Take the entries below and print, exactly, the stretch from the line containing "Your answer should be compact. 4.54e+06." through the line containing "Your response must be concise. -1.84e+06.", both included.

BEGIN RECORDS TO USE

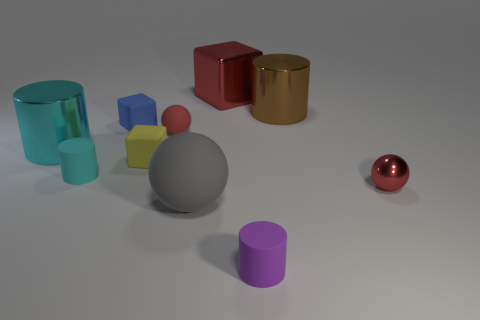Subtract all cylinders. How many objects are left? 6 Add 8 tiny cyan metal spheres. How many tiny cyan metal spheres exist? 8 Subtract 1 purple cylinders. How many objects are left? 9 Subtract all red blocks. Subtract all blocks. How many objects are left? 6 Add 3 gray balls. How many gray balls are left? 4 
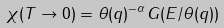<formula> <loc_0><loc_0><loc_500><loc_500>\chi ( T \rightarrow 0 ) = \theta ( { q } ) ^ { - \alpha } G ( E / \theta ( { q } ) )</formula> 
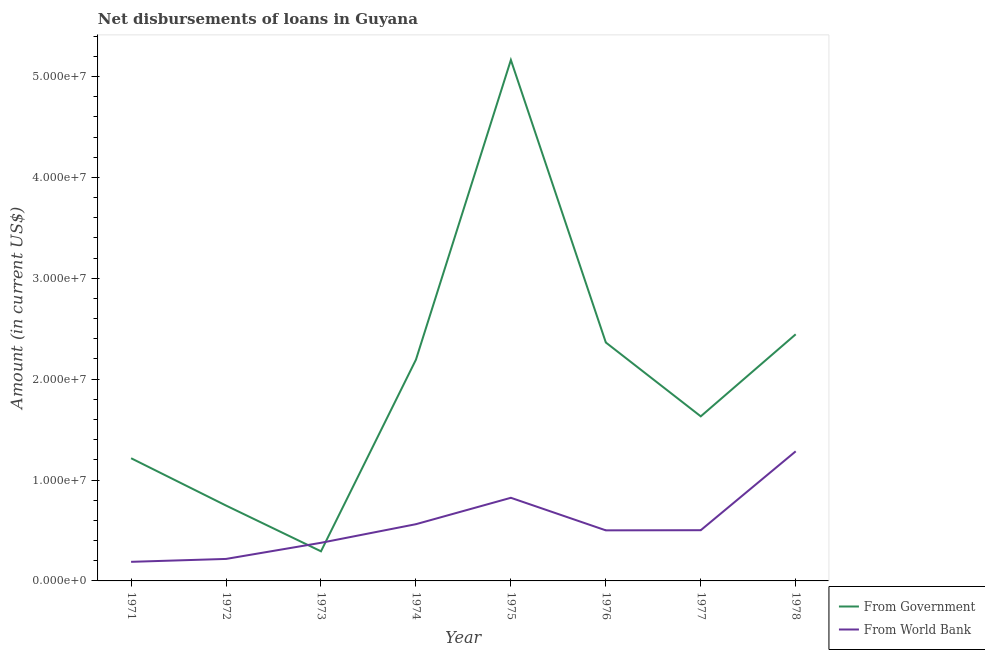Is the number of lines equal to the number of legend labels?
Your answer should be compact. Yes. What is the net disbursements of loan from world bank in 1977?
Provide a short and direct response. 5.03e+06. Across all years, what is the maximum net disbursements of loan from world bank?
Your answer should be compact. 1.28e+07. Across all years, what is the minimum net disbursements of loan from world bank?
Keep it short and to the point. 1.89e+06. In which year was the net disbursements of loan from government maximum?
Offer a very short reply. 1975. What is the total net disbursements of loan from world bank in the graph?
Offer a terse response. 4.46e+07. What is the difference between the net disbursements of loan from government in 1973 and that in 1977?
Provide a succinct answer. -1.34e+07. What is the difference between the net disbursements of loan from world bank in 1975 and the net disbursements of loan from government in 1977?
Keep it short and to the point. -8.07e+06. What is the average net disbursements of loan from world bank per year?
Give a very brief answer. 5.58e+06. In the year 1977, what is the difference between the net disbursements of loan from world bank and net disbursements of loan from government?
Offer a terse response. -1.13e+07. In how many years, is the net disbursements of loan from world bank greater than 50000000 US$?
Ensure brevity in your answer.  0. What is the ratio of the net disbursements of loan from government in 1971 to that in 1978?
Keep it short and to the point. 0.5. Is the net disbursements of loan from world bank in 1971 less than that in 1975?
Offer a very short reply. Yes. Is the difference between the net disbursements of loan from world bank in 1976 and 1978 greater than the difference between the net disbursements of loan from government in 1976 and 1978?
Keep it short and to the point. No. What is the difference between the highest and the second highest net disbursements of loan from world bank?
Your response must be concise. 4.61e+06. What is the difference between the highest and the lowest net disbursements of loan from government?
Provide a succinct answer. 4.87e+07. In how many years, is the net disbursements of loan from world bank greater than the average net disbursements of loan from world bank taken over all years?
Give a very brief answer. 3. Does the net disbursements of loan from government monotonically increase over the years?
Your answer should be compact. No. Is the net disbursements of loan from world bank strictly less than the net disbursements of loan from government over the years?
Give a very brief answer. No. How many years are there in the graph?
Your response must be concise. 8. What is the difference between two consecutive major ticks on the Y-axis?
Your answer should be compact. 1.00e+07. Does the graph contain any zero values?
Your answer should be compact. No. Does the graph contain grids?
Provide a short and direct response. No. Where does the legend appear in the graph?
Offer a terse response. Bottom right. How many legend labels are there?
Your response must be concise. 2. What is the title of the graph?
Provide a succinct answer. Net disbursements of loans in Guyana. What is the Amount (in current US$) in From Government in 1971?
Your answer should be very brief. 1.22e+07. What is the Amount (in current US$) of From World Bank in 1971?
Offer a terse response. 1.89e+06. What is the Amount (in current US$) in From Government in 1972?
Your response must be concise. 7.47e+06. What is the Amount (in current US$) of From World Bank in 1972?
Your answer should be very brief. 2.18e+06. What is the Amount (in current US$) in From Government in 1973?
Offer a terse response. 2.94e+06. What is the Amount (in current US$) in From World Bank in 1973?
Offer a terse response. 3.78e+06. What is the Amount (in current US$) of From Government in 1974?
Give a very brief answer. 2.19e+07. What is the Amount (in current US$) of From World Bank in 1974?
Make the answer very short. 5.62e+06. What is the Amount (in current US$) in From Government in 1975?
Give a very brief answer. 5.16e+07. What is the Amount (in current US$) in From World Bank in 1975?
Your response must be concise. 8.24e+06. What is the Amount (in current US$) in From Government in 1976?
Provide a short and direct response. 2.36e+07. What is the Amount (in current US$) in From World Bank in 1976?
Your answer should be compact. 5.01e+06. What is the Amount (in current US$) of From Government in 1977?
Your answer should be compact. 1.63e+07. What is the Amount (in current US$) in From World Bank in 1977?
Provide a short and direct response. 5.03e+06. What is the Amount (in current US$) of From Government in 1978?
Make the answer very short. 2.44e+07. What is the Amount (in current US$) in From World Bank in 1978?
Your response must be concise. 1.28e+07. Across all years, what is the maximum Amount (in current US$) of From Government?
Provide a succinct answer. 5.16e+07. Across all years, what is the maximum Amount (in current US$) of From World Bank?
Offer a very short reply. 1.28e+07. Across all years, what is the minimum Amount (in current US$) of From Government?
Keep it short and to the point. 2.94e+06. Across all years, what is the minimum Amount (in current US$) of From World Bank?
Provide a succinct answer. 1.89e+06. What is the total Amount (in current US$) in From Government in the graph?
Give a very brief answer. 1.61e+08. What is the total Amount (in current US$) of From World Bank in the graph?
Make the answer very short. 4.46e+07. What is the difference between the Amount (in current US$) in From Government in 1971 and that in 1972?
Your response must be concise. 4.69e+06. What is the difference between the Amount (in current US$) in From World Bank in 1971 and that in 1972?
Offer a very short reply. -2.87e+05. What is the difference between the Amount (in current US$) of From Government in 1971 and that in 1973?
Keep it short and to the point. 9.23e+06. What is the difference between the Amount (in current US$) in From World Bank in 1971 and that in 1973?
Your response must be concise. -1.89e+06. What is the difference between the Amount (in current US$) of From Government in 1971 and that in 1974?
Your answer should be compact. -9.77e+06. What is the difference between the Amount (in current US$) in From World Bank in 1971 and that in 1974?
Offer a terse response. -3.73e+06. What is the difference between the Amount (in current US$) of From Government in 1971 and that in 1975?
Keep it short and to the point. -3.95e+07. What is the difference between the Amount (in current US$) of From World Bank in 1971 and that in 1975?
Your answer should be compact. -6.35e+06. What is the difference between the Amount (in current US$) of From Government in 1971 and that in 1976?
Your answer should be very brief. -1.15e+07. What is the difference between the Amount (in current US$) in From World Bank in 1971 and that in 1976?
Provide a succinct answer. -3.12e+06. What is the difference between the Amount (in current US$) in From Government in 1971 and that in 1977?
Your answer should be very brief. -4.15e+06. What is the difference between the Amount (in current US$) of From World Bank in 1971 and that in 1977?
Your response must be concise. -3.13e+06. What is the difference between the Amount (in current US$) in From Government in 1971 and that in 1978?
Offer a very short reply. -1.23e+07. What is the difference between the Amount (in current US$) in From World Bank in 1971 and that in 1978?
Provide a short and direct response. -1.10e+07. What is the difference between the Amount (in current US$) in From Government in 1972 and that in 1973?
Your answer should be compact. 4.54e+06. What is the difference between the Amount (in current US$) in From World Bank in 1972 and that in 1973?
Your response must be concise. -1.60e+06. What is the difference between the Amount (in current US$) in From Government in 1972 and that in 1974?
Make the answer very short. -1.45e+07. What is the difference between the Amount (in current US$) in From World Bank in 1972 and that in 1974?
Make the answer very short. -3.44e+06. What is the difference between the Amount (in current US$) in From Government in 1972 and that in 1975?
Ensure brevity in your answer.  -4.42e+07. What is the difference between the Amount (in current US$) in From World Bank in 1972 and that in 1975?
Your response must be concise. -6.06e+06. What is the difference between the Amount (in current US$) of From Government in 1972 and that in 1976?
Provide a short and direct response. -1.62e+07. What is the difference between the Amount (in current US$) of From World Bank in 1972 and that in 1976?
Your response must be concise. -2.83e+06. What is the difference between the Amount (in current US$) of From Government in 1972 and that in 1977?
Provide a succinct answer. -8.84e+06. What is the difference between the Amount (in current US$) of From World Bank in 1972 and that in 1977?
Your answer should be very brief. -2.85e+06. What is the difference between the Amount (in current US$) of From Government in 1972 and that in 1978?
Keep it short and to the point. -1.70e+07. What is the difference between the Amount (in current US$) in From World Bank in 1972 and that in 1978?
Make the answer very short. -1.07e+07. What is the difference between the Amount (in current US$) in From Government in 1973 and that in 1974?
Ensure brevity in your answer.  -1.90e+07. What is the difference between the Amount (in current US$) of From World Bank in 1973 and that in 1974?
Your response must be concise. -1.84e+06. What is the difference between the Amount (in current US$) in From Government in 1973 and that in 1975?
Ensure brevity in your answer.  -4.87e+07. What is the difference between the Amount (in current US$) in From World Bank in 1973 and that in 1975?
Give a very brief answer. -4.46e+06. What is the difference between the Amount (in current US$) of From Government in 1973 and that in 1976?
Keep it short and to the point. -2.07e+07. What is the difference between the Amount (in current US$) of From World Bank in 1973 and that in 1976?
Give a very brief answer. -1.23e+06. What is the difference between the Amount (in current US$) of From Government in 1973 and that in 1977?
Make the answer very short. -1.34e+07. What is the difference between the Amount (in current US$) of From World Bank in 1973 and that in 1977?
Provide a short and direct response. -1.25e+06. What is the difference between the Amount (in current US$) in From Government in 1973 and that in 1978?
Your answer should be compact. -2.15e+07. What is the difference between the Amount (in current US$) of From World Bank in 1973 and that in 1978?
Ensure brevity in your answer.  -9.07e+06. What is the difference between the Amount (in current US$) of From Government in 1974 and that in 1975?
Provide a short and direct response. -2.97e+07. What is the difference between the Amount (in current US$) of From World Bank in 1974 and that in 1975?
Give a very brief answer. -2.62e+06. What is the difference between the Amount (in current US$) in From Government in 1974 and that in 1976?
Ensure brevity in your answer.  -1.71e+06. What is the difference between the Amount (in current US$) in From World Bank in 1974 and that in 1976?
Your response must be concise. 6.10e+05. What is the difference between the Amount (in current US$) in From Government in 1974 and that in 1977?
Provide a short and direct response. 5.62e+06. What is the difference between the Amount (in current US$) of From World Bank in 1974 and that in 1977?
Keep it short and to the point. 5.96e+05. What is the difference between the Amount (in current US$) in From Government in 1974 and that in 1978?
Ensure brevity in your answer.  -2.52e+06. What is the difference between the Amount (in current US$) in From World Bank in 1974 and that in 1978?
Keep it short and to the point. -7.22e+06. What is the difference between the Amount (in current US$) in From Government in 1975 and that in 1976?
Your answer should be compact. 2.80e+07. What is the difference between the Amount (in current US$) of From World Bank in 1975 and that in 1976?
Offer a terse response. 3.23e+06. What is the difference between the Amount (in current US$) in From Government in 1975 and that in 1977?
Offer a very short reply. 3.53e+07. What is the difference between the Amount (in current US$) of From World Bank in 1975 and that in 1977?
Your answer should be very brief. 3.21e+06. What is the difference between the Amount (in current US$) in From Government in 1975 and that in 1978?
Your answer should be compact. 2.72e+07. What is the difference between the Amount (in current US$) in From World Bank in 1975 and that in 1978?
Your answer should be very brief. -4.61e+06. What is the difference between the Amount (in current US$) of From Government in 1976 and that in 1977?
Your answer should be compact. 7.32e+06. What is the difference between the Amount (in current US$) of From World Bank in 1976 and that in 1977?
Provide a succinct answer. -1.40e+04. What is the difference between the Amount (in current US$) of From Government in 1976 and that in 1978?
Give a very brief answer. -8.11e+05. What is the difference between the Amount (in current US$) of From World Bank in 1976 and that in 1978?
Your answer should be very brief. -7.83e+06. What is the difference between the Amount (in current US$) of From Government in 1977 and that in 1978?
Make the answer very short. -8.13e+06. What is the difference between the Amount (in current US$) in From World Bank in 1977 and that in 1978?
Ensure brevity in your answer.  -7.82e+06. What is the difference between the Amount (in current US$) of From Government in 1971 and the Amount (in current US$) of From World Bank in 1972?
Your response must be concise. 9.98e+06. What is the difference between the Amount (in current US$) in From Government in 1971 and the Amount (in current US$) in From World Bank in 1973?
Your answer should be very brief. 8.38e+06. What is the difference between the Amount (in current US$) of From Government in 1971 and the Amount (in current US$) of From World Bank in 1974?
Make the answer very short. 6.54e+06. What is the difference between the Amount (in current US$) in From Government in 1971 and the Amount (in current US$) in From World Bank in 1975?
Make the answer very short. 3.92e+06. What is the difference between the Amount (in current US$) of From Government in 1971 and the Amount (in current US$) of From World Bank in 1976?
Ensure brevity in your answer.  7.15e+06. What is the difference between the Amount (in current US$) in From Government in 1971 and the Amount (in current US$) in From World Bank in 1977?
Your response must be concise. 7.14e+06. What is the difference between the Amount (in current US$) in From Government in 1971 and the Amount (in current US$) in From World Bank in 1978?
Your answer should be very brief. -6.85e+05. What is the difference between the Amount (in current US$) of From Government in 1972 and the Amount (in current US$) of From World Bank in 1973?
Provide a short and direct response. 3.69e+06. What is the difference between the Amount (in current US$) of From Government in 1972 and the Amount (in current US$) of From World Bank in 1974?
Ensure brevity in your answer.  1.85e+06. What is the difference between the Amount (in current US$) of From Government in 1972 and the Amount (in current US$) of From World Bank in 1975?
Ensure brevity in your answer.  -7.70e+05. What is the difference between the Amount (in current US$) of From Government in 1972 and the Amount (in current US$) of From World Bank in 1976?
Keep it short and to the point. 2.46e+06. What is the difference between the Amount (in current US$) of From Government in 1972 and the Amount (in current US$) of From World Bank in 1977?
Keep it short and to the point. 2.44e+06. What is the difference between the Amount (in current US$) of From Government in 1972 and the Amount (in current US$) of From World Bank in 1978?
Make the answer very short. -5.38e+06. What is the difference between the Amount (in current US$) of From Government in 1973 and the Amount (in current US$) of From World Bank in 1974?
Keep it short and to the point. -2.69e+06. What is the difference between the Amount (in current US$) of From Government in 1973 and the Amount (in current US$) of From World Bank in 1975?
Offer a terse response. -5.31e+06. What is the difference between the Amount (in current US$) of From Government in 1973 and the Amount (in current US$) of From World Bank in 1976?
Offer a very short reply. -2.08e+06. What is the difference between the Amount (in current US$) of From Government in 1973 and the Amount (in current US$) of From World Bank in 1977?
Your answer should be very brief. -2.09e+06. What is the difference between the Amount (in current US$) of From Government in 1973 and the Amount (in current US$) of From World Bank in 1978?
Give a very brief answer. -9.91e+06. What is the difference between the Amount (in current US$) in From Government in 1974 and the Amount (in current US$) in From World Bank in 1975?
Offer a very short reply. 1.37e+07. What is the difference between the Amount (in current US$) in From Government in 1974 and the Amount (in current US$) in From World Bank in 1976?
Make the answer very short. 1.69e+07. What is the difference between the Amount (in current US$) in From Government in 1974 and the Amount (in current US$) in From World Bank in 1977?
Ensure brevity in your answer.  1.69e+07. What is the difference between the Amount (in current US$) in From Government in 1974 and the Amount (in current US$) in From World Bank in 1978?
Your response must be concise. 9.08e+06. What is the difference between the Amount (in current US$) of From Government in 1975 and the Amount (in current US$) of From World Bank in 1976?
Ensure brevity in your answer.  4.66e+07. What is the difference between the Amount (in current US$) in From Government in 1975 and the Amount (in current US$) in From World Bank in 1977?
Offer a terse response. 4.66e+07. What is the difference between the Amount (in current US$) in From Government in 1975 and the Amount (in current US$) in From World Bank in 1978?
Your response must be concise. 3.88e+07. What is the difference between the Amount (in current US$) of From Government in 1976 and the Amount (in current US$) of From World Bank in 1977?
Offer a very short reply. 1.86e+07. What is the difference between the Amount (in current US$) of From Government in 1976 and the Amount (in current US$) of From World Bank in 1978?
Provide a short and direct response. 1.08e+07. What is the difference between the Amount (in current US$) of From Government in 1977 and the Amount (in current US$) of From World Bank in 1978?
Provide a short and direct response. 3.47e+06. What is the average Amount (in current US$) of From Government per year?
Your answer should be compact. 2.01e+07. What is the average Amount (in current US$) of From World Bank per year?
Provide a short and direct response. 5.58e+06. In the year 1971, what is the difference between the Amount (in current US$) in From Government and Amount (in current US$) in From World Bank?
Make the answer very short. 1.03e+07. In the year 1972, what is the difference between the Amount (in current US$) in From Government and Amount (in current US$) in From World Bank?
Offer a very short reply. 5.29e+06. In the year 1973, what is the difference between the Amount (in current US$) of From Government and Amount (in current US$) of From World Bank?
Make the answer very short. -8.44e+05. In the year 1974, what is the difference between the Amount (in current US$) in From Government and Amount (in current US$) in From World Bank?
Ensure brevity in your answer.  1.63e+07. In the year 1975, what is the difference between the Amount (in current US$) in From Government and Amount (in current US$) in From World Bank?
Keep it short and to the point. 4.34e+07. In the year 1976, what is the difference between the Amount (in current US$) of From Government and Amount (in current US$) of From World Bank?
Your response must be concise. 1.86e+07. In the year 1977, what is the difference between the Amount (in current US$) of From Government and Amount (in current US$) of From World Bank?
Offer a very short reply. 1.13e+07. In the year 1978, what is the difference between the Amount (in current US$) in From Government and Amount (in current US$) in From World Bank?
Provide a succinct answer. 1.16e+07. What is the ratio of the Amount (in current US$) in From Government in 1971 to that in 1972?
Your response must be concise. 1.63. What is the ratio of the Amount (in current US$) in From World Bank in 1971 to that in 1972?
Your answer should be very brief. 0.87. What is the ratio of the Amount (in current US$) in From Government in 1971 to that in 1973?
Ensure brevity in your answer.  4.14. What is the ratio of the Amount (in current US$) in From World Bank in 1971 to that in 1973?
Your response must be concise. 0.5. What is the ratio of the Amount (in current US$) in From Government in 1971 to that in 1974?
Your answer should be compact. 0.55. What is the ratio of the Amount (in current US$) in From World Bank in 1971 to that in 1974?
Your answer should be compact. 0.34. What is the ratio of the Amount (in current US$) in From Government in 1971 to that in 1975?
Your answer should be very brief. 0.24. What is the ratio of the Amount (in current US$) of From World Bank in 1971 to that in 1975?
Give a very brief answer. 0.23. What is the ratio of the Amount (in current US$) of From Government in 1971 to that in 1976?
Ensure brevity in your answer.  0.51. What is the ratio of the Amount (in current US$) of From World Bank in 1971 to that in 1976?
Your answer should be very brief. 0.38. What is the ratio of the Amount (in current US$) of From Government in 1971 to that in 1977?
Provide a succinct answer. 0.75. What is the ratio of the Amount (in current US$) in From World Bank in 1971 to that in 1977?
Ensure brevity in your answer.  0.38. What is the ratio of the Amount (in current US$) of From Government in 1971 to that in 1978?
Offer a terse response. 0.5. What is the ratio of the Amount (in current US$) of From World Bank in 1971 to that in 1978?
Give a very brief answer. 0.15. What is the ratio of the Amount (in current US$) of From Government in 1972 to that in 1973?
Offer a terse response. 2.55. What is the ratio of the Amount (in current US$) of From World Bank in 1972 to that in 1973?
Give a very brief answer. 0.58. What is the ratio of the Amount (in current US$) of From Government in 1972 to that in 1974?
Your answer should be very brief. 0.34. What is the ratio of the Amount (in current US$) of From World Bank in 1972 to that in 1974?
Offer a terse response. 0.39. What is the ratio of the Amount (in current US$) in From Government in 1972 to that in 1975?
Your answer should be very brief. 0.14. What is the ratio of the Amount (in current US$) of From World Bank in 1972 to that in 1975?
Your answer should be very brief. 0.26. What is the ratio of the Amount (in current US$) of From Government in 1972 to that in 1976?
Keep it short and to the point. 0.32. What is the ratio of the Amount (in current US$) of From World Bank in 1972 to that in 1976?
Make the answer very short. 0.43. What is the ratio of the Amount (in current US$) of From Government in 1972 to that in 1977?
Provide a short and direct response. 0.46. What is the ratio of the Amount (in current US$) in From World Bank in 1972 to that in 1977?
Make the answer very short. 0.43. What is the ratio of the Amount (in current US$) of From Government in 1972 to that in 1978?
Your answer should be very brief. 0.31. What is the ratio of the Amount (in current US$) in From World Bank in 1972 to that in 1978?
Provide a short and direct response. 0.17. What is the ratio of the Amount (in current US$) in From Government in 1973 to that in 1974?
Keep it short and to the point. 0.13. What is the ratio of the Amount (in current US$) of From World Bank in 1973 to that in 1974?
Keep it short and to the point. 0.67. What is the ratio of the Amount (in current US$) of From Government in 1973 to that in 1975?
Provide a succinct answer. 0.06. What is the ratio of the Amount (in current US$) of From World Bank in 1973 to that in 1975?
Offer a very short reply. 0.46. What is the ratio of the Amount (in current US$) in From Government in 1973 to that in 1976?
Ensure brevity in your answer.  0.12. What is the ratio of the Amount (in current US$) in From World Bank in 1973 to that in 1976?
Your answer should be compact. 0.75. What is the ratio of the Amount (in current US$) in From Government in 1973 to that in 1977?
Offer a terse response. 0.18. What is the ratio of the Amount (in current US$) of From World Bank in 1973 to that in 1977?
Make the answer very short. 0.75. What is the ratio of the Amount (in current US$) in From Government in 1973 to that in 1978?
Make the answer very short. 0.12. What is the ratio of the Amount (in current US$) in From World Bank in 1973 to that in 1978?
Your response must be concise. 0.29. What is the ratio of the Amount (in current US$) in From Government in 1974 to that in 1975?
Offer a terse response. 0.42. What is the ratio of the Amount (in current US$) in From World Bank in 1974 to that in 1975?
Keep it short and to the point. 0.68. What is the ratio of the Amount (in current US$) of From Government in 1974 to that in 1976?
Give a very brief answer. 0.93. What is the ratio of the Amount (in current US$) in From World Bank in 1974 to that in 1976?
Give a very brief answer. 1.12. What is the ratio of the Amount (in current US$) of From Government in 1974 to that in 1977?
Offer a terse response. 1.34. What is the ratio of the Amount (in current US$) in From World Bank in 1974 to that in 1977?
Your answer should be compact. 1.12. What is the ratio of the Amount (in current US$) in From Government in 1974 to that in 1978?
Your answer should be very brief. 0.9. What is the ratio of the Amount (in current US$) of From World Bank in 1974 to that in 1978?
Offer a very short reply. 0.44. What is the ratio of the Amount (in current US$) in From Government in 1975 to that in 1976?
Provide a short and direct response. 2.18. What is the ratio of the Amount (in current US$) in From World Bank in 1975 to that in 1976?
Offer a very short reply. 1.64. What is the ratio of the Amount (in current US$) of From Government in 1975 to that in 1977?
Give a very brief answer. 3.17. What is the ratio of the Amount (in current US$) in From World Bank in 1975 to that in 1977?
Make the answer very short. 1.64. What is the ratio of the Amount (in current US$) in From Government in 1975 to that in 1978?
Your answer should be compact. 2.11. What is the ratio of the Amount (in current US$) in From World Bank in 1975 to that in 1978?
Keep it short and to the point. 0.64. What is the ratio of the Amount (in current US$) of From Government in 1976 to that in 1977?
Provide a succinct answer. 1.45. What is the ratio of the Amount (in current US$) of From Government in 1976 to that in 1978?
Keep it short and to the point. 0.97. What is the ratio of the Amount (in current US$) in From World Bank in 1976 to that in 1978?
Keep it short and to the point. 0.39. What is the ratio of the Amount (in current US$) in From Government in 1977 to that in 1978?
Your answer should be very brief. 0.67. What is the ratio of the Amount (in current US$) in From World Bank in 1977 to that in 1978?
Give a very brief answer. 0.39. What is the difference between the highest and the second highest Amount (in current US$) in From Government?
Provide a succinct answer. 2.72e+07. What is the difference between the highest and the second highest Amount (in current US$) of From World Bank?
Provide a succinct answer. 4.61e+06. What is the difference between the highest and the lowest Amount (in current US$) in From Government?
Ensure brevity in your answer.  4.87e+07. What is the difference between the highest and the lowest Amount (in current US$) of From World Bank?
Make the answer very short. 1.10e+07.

END RECORDS TO USE
BEGIN RECORDS TO USE

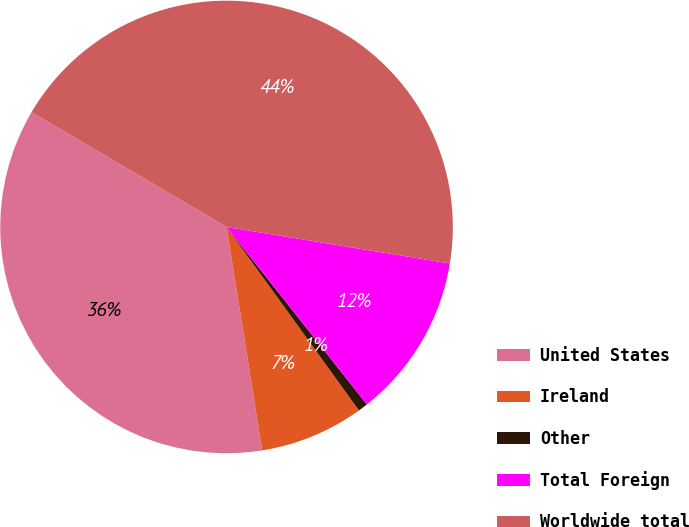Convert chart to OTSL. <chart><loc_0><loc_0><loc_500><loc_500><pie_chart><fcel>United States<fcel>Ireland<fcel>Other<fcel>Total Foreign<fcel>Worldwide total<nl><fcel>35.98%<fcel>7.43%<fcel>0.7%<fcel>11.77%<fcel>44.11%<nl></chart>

END RECORDS TO USE

RESULT BELOW.
Your answer should be compact. 4.54e+06. What is the difference between the Amount (in current US$) in From World Bank in 1972 and that in 1973?
Your response must be concise. -1.60e+06. What is the difference between the Amount (in current US$) in From Government in 1972 and that in 1974?
Make the answer very short. -1.45e+07. What is the difference between the Amount (in current US$) in From World Bank in 1972 and that in 1974?
Make the answer very short. -3.44e+06. What is the difference between the Amount (in current US$) in From Government in 1972 and that in 1975?
Ensure brevity in your answer.  -4.42e+07. What is the difference between the Amount (in current US$) in From World Bank in 1972 and that in 1975?
Your response must be concise. -6.06e+06. What is the difference between the Amount (in current US$) of From Government in 1972 and that in 1976?
Provide a short and direct response. -1.62e+07. What is the difference between the Amount (in current US$) of From World Bank in 1972 and that in 1976?
Your response must be concise. -2.83e+06. What is the difference between the Amount (in current US$) of From Government in 1972 and that in 1977?
Provide a succinct answer. -8.84e+06. What is the difference between the Amount (in current US$) of From World Bank in 1972 and that in 1977?
Your answer should be very brief. -2.85e+06. What is the difference between the Amount (in current US$) of From Government in 1972 and that in 1978?
Keep it short and to the point. -1.70e+07. What is the difference between the Amount (in current US$) in From World Bank in 1972 and that in 1978?
Make the answer very short. -1.07e+07. What is the difference between the Amount (in current US$) in From Government in 1973 and that in 1974?
Ensure brevity in your answer.  -1.90e+07. What is the difference between the Amount (in current US$) of From World Bank in 1973 and that in 1974?
Your response must be concise. -1.84e+06. What is the difference between the Amount (in current US$) in From Government in 1973 and that in 1975?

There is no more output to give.